# Fox Squirrel



## DSGB (Sep 14, 2005)

Among the different species of squirrels we have here in Georgia, my favorite is the Fox Squirrel. I've seen a lot of them around Callaway Gardens in Harris County, and a few while hunting deer. They come in a few different color patterns: completely grey, grey with a black head, and some that are all black except for the tip of their nose. I've told many people about seeing the black squirrels, but most of them either think I'm lying or could care less. I'm very happy to have gotten a picture of one at Callaway Gardens while playing golf. I wish I could see one while squirrel hunting, so I could get it mounted. Not only are they jet black, but the things are huge. They usually stand about a foot tall or more - no kidding. I wish I could've gotten a picture of him standing up, but I didn't want to chase him across the next fairway waiting for him to stop. So, here he (or she) is posing nicely on a pine tree.

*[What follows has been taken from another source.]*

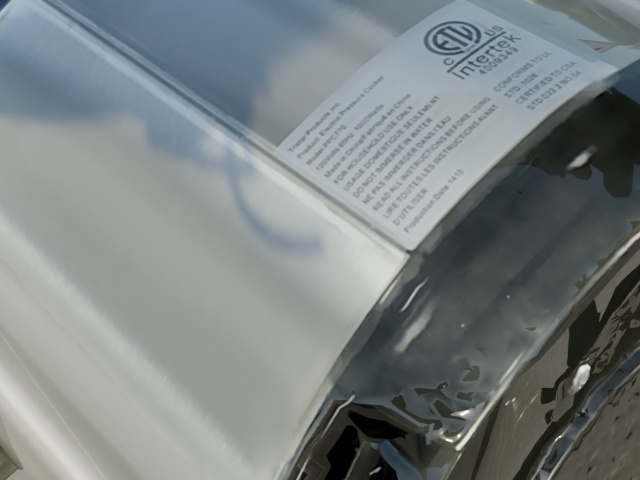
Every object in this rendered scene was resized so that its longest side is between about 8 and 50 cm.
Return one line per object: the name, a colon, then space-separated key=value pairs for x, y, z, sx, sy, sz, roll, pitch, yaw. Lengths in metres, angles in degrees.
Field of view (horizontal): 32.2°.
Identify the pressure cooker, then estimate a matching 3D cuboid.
pressure cooker: x=0.000 y=-0.005 z=0.560 sx=0.370 sy=0.375 sz=0.420 roll=-10 pitch=36 yaw=-45

Notice the length of the tail and the white spot on the nose.


----------



## Dustin Pate (Sep 14, 2005)

Here is one my grandfather shot in Heard County. I have saw many while deer hunting but never when I am actually hunting for them. They tend to like pine thickets also.


----------



## horsecreek (Sep 14, 2005)

that black one is nice... I had one in freezer saving to get mounted but soemone unpluged it and it as well as my bobcat went south quickly.. hated to loose them both.
I didnt even shoot the fox s, he ran out in front of truck in S.C. while hunting on real soft sand rd, barley hit his head and thats all it took. not one blemish on him..


----------



## DSGB (Sep 14, 2005)

Nice mount! My uncle had one just like that, but it was mounted on a piece of pine bark like it was crawling up a tree.


----------



## Trizey (Sep 14, 2005)

I never imagined my self saying it.... But that's a beautiful squirrel  

Thanks for the picture!


----------



## Hunterrs (Sep 14, 2005)

Are you sure that's not a black panther?  Nice pics, thanks for sharing.


----------



## southernclay (Sep 14, 2005)

My buddy has a black one mounted and it is awesome.


----------



## UGAalum13 (Sep 14, 2005)

At a golf course in Brunswick, we used to have some that would get in the cart with you and beg for peanuts.  They would rummage through everything you had while you were on the green.  The course had a big trashcan that was full of them for the squirrels.  We'd fill up a cup and feed them while we played.  They were pretty cool.


----------



## Handgunner (Sep 14, 2005)

Here's a picture I took right by the house here...


----------



## GeauxLSU (Sep 14, 2005)

In south Louisiana fox squirrels outnumber grey squirrels at least 10 to 1.  Matter of fact, can't say for sure I ever saw a grey squirrel in the patch of woods I hunted as a kid.  Anyway, they come in ONE color phase, RED.  Look very much like a red fox.  I have one mounted.  You'll have to forgive the photo it's indoor lighting and the poor guy was shot 28 years ago!  He's starting to show a little age.      Hey, he represents half of my entire trophy collection.   The other one is a woodcock.


----------



## Handgunner (Sep 14, 2005)

Nice lookin' mounts.  I have a blonde/black-headed one in the freezer I need to get mounted.  I figure I'll have him mounted going down a tree so I can put him in a corner.


----------



## Todd E (Sep 15, 2005)

Here's mine. I've always desired a solid black one. Have only seen one(black) coming out from a duck hunt.


----------